Lady Dumbello was well aware that she had triumphed, and that her mother’s letter had been invaluable to her. But it had been used, and therefore she did not read it again. She ate her breakfast in quiet comfort, looking over a milliner’s French circular as she did so; and then, when the time for such an operation had fully come, she got to her writing-table and answered her mother’s letter.

DEAR MAMMA (she said)— I thought it best to show your letter at once to Lord Dumbello. He said that people would be ill-natured, and seemed to think that the telling of such stories could not be helped. As regards you, he was not a bit angry, but said that you and papa had better come to us for a week about the end of next month. Do come. We are to have rather a large dinner-party on the 23rd. His Royal Highness is coming, and I think papa would like to meet him. Have you observed that those very high bonnets have all gone out: I never, liked them; and as I had got a hint from Paris, I have been doing my best to put them down. I do hope nothing will prevent your coming.

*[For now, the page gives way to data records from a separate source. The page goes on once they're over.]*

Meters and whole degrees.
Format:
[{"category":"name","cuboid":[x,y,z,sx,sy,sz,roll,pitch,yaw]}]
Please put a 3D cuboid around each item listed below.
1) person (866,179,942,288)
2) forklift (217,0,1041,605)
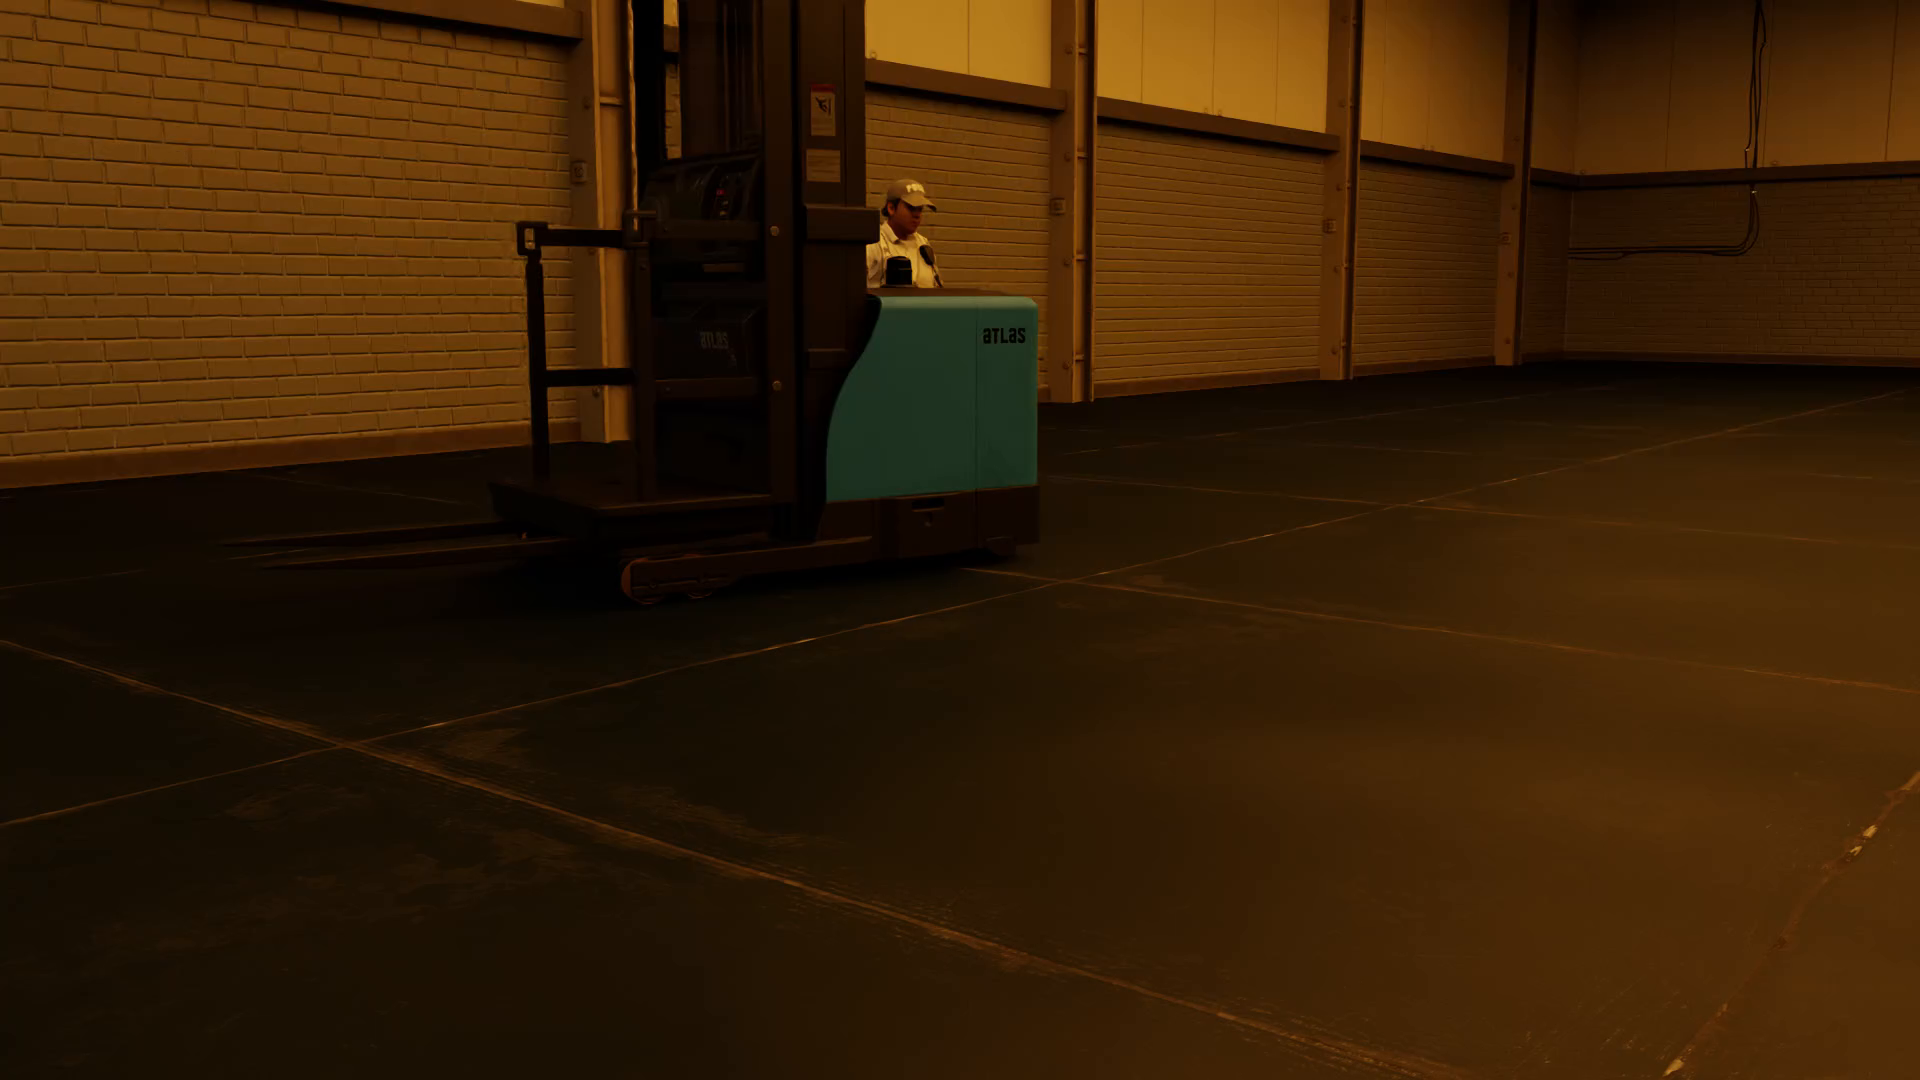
[{"category":"person","cuboid":[-0.288,-0.928,8.121,0.721,1.635,0.427,-7,11,-39]},{"category":"forklift","cuboid":[-1.166,-1.308,6.222,3.031,2.935,1.130,-6,10,-35]}]

Your affectionate daughter

CARLTON GARDENS, Wednesday.

G. DUMBELLO

Mrs Grantly was aware, from the moment in which she received the letter, that she had wronged her daughter by her suspicions. It did not occur to her to disbelieve a word that was said in the letter, or an inference that was implied. She had been wrong, and rejoiced that it was so. But nevertheless there was that in the letter which annoyed and irritated her, though she could not explain to herself the cause of her annoyance. She had thrown all her heart into that which she had written, but in the words which her child had written not a vestige of heart was to be found. In that reconciling of God and Mammon which Mrs Grantly had carried on so successfully in the education of her daughter, the organ had not been required, and had become withered, if not defunct, through want of use.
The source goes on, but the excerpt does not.